In May 2018, seven crow tools collected at site-3, New Caledonia between 2016 and 2017 were subsampled, two subsamples were taken from each tool, and these were homogenized in 2 ml tubes with two tungsten beads using the FastPrep-24™ 5G Benchtop Homogenizer for up to one minute, or with QIAGEN Tissuelyser II for 6 minutes at 25 Hz. DNA extraction then proceeded according to the DNeasy Plant Mini Kit (QIAGEN, Manchester UK), except the lysis step was extended to 60 minutes.

For species identification, we amplified ~500 bp regions of the chloroplast trnL-UAA intron [trnLc-d] and a ~600 bp nuclear ribosomal region containing the internal transcribed spacer regions ITS1 and ITS2 [ITS5p-8p]. Amplification was in 20 µl reactions using approximately 100 ng of genomic DNA, 10 x reaction buffer (Bioline BIOTAQ Reagent Buffer), 30 nmol MgCl2, 4 nmol dNTPs, 7.5 pmol primers, and Bioline BIOTAQ DNA polymerase (0.5 units). Negative controls and DNA extraction blanks were included in each PCR to check for potential contamination. Thermocycling was performed on a Bio-Rad Tetrad 2 (Bio-Rad, Hamburg, Germany) under the following conditions. For trnL: initial denaturation (94 °C for 4 min), followed by 35 cycles of denaturation (94 °C for 45 s), annealing (55 °C for 45 s) and extension (72 °C for 120 s), and a final extension of 10 min at 72 °C; and for ITS: initial denaturation (94 °C for 2 min), followed by 30 cycles of denaturation (94 °C for 60 s), annealing (55 °C for 60 s) and extension (72 °C for 90 s), and a final extension of 5 min at 72 °C. Two independent PCRs were carried out for each subsample. Successfully amplified PCR products were cleaned using ExoSap-IT© (USB Corporation, Cleveland, Ohio, USA). Sequencing was resolved on an AB 3730xl Sequencer at Edinburgh Genomics (Scotland, UK). Sequences were checked and edited with reference to chromatograms using Sequencher v 5.4.1 (Gene Codes Corporation, Ann Arbor, MI, USA).
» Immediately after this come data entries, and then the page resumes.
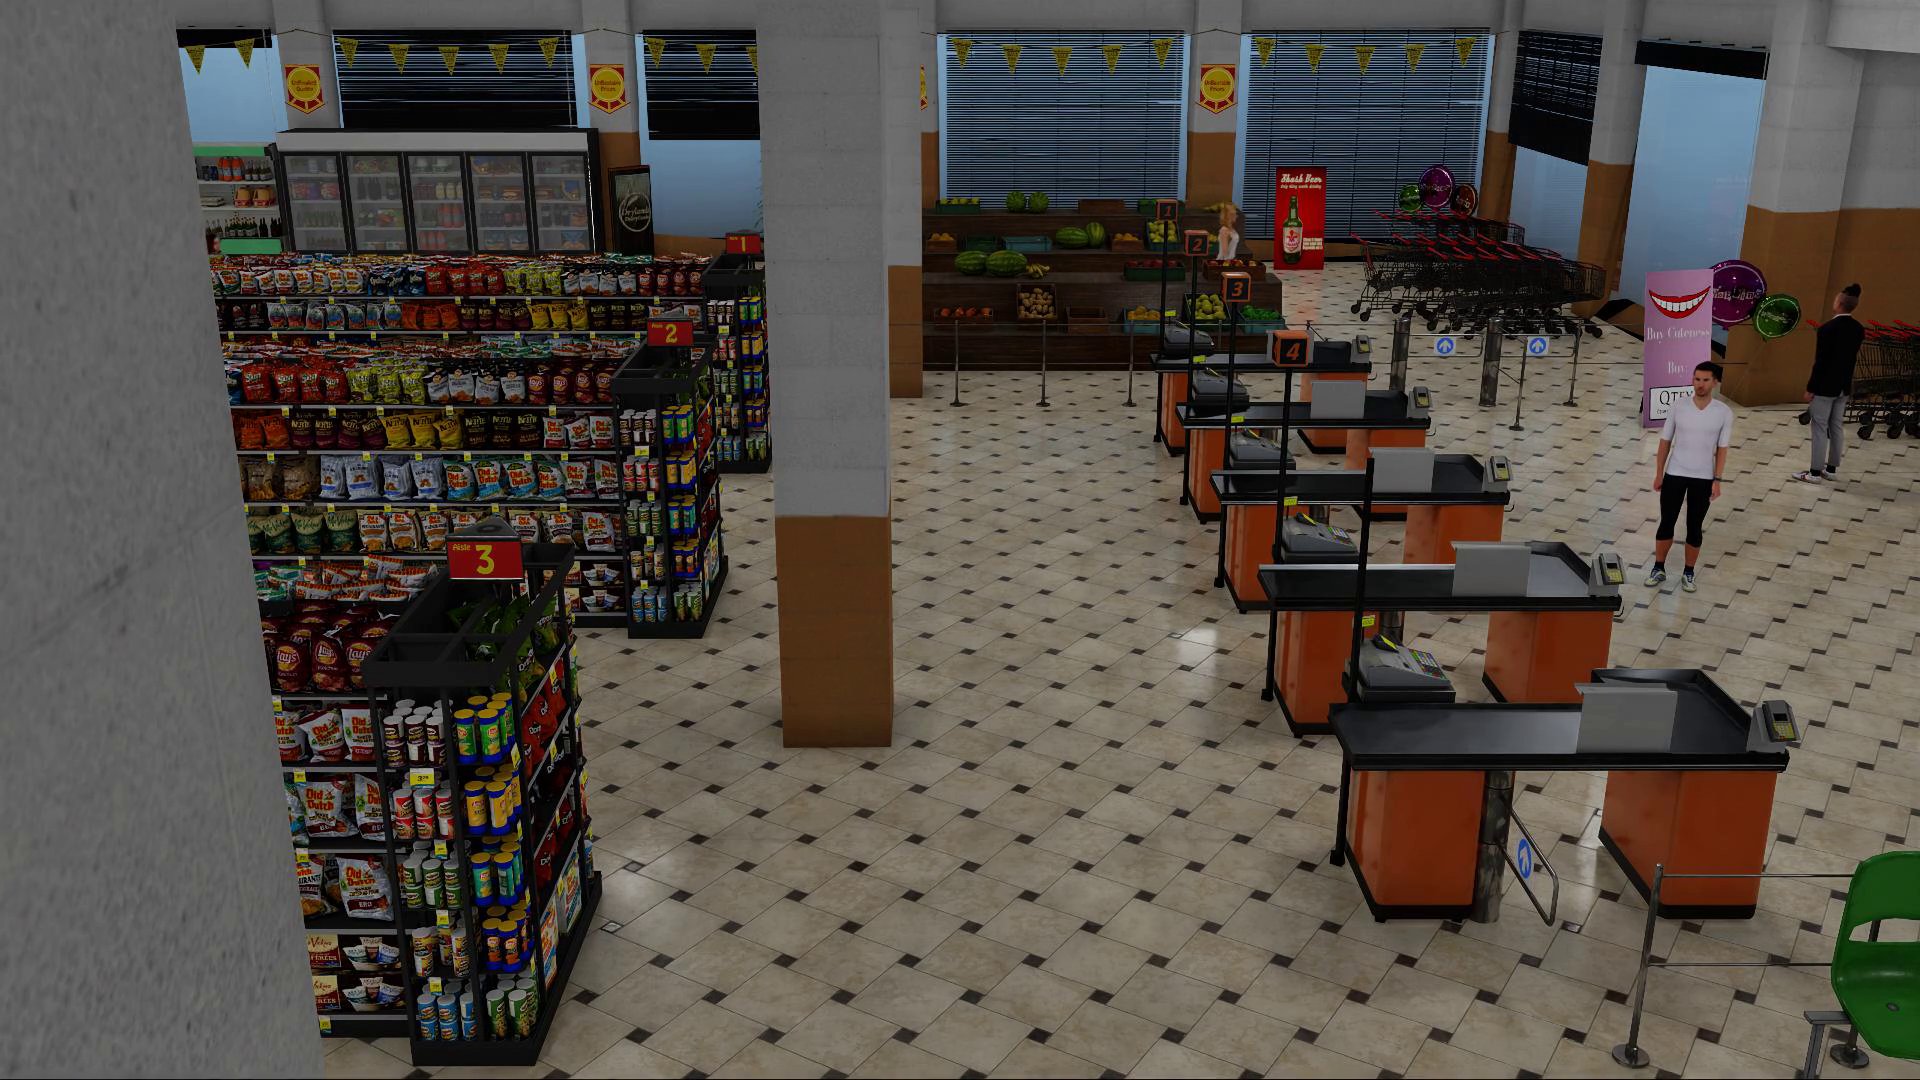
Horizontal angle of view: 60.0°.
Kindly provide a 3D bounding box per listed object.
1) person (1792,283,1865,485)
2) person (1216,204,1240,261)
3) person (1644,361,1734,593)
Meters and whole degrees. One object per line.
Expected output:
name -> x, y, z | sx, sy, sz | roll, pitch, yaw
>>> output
person -> 8.446, -1.520, 16.100 | 0.684, 1.950, 0.852 | -8, 20, -22
person -> 3.739, -3.970, 23.826 | 0.927, 1.656, 0.738 | 5, 19, 14
person -> 5.834, -0.523, 13.299 | 0.676, 1.852, 0.809 | 9, 21, 26
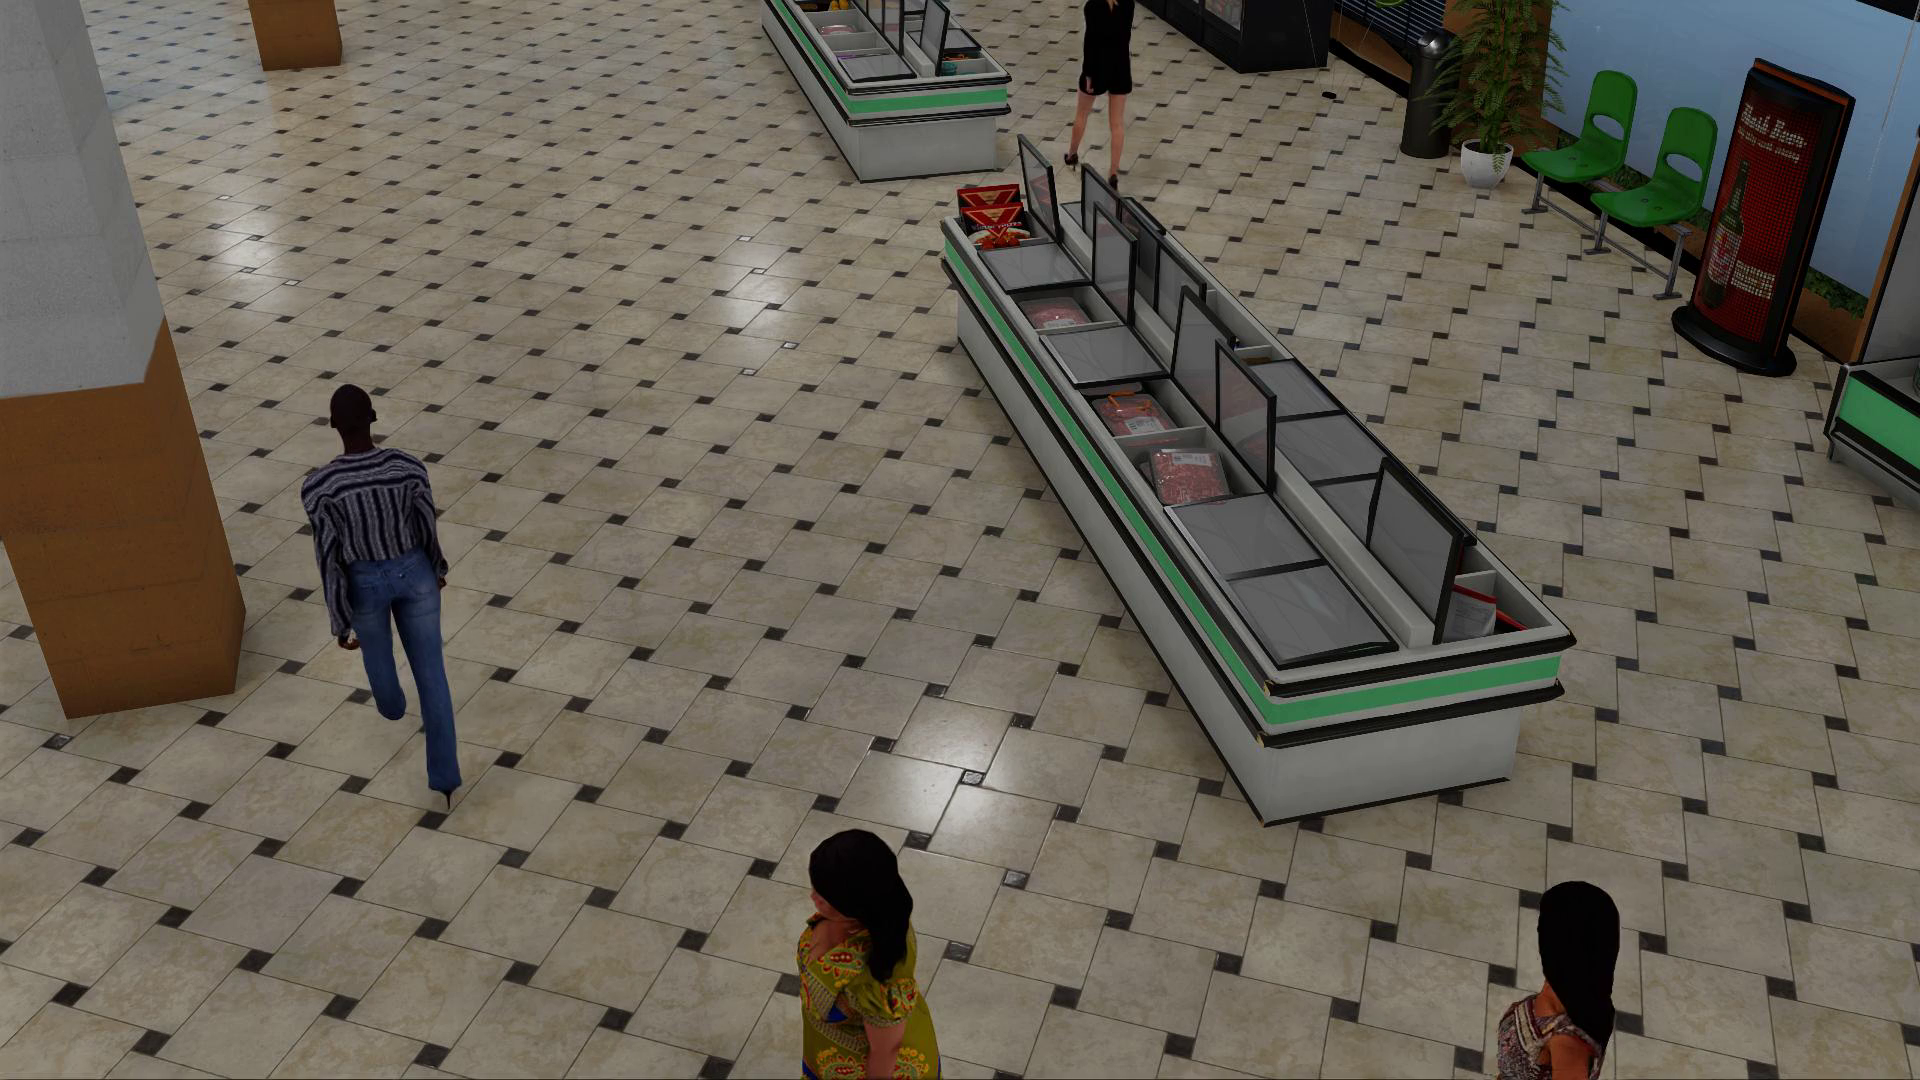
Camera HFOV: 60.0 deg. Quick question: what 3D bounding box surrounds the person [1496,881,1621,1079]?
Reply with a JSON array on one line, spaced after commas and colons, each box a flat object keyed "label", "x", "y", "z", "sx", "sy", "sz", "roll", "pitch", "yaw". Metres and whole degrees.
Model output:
[{"label": "person", "x": 1.537, "y": 1.648, "z": 4.389, "sx": 0.871, "sy": 1.619, "sz": 0.712, "roll": -1, "pitch": 32, "yaw": -2}]

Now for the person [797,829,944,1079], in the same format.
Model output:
[{"label": "person", "x": -0.255, "y": 1.444, "z": 4.678, "sx": 0.890, "sy": 1.659, "sz": 0.679, "roll": -8, "pitch": 33, "yaw": -12}]

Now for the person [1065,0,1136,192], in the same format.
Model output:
[{"label": "person", "x": 1.129, "y": -3.448, "z": 12.468, "sx": 0.568, "sy": 1.737, "sz": 0.968, "roll": -9, "pitch": 33, "yaw": -14}]

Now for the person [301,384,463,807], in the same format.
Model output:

Sequences obtained for all tool samples were lodged with GenBank under accession numbers MT366813–MT366819 (trnL) and MT366951–MT366952, MT366955–MT366959 (ITS). The resulting sequence haplotype for each region was used for performing BLASTn searches against the National Centre for Biotechnology Information Nucleotide nonredundant database (4 July 2018) to obtain the best 100 matches (excluding environmental samples). 

Based on putative identification from the BLASTn searches, we also collected reference leaf samples of Mimusops elengi (n = 3) and its closest locally occurring relative, Planchonella cinerea (n = 2). Leaves were collected from separate trees at or near site-3 and site-1. In March 2019, DNA extraction, PCR amplification and sequencing for the reference samples were performed exactly as described above for the tool samples. The resulting DNA sequences for the reference data were lodged with GenBank under accession numbers MT366823–MT366824 (trnL) and MT366953–MT366954 (ITS) for P. cinerea, and MT366820–MT366822 (trnL) and MT366960–MT366962 (ITS) for M. elengi. Phylogenetic trees were generated using these samples plus the top 100 BLASTn matches (excluding environmental samples). Since taxa from both Sapotaceae and Theaceae were present in the top matches for trnL, Acanthogilia gloriosa (GenBank accession EU348374), a polemonioid Ericale was included as the outgroup for trnL. Since all the taxa in the top matches for ITS were from the Sapotaceae, subfamily Sapotoideae, Sarcosperma laurinum (GenBank accession AM408055), which has previously been shown to be sister to the rest of the family, was included as an outgroup for ITS.

Sequences were aligned using the MUSCLE algorithm. Maximum-likelihood (ML) trees were constructed using the .pml function in the package phangorn, implemented in R. The most appropriate model of DNA substitution was selected using the AIC and the function modelTest. We used the HKY model with the proportion of invariant sites and rate variation optimized using the function optim.pml. Support for the branching topology was evaluated with 1,000 bootstrap replicates. Separate trees were generated for chloroplast (trnL) and nuclear (ITS) regions.

Usage notes

See README file for usage. Data in Mesquite format and includes alignments and consensus tree. There is one Mesquite file per DNA barcode. All Genbank numbers are listed in the sequence headers and branch labels.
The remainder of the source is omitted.